アルバーンがリングで50勝を挙げるごとに、ファミリーは「お祝い」と称して、隔離された檻から子供を一人引きずり出し、シュガーの能力でオモチャに変えていたのだ。 アルバーンは、自分が勝つたびに、自分が救いたかったはずの家族を自らの手で(間接的に)世界から消滅させていた。勝てば勝つほど、救うべき対象が消えていくという、究極の矛盾。
「あいつの今の原動力は、俺たちへの『復讐心』だけだ」
ディアマンテが、冷酷な笑みを浮かべる。
「自分が何のために戦い始めたのかも忘れ、ただ目の前の敵を殺し、俺たちの首を狙うことだけを考えて槍を振るっている。哀れなものだな。一千勝に達したその時、あいつの守りたかったものは、この世界に一人も残っていないというのに」
「フッフッフッ、それでいい」
ドフラミンゴはサングラスの奥の目を細め、邪悪に笑った。
「愛やつながりといった生温い感情で動くガキは、いつか限界が来る。だが、純粋な『憎悪』と『強さへの執念』だけで動くモンスターは、どこまでも強くなる。一千勝のその瞬間、すべてを思い知らせて絶望の底に叩き落としてやる。その時、あのガキがどんな顔をするか……今から楽しみで仕方がねえなァ、フッフッフッフッフッ!」
王宮に響き渡る悪魔たちの笑い声。 その遥か下、暗黒の独房の中で、アルバーンはただ一人、漆黒に染まった槍を握り締め、ギラギラとした復讐の炎を瞳に宿していた。
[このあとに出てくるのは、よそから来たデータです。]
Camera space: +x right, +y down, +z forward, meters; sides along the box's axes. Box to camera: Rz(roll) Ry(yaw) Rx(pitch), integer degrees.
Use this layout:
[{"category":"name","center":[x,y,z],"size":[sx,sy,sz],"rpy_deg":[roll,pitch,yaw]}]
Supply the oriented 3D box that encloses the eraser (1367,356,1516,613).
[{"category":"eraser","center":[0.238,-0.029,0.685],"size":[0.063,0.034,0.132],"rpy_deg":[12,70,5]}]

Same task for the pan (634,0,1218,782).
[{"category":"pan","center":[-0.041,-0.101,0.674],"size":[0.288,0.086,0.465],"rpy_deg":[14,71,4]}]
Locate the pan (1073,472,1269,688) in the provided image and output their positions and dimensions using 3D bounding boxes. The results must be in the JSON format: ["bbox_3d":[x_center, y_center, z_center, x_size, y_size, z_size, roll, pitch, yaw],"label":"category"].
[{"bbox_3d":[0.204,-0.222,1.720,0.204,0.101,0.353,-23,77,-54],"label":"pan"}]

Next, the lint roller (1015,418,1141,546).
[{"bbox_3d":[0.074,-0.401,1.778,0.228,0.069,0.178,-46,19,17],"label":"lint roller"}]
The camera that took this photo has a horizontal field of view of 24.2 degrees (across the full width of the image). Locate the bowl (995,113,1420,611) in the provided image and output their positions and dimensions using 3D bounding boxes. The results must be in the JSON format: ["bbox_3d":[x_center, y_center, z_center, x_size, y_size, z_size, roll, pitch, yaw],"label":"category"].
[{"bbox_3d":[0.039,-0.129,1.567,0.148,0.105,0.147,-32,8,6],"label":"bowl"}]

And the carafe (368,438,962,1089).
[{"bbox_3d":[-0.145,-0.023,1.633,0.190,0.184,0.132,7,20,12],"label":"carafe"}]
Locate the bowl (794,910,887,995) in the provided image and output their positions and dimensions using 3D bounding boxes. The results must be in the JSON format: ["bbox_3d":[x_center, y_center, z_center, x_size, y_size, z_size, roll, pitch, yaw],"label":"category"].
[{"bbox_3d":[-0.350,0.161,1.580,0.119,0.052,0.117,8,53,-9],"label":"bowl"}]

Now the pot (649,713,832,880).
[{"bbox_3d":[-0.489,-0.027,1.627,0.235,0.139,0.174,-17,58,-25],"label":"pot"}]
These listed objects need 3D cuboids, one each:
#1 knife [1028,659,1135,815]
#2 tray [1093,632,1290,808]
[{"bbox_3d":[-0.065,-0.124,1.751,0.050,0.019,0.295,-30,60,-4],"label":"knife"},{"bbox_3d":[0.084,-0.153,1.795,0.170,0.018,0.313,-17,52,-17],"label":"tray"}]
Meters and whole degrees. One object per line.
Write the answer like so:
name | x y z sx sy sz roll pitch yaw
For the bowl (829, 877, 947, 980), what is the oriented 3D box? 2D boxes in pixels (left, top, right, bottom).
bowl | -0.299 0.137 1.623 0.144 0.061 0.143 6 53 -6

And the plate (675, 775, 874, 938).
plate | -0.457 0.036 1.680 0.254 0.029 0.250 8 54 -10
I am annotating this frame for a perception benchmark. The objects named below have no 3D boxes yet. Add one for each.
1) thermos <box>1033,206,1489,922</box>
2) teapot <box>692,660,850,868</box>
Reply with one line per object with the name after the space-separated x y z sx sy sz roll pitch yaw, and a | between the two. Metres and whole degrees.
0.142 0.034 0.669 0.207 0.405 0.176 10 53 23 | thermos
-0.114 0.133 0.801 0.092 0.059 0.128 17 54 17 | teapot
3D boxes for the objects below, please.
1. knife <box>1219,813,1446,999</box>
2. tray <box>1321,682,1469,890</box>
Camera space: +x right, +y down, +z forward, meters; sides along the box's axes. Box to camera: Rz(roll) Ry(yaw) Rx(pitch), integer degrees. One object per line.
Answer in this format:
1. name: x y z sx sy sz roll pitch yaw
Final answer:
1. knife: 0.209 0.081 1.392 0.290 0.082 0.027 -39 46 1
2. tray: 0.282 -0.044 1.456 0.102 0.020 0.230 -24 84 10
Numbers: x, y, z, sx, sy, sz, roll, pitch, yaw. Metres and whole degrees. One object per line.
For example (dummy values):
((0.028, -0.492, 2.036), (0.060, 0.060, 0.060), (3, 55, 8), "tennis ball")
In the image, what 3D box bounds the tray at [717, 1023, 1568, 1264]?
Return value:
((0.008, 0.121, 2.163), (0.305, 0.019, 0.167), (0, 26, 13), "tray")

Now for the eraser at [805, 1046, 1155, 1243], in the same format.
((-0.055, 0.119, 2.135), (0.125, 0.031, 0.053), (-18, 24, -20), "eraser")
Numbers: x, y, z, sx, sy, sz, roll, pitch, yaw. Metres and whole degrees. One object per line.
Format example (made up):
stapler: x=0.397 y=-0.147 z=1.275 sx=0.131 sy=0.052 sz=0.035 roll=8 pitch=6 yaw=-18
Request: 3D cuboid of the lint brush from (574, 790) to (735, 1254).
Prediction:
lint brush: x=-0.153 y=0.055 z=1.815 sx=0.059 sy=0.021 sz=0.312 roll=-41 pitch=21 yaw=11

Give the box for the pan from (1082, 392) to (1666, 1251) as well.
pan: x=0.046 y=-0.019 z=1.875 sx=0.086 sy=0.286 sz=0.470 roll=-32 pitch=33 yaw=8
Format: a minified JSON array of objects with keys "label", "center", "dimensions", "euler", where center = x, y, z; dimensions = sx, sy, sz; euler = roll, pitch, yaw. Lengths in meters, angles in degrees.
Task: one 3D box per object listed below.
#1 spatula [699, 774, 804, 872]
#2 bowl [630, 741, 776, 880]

すでに、彼の記憶の中に残る「家族」は、ミナを含めてあとわずか。 孤児院という場所の風景すらも霞み始め、彼の中にあるのは、ただドフラミンゴへの殺意のみ。
一千勝という名の「終着点」に向けて、黒き修羅は、自らの魂を削りながら走り続ける。
補足
・ミナ
彼女はもともと事業に失敗し、破産してしまった商家の娘でした。当時赤子だった彼女は、借金で育てる余裕の無くなった両親によって孤児院に預けられました。
アルバーンに次いで年上の長女的存在で、アルバーンと同じ時期に孤児院に預けられたため、孤児院では最も仲のいい兄妹でした。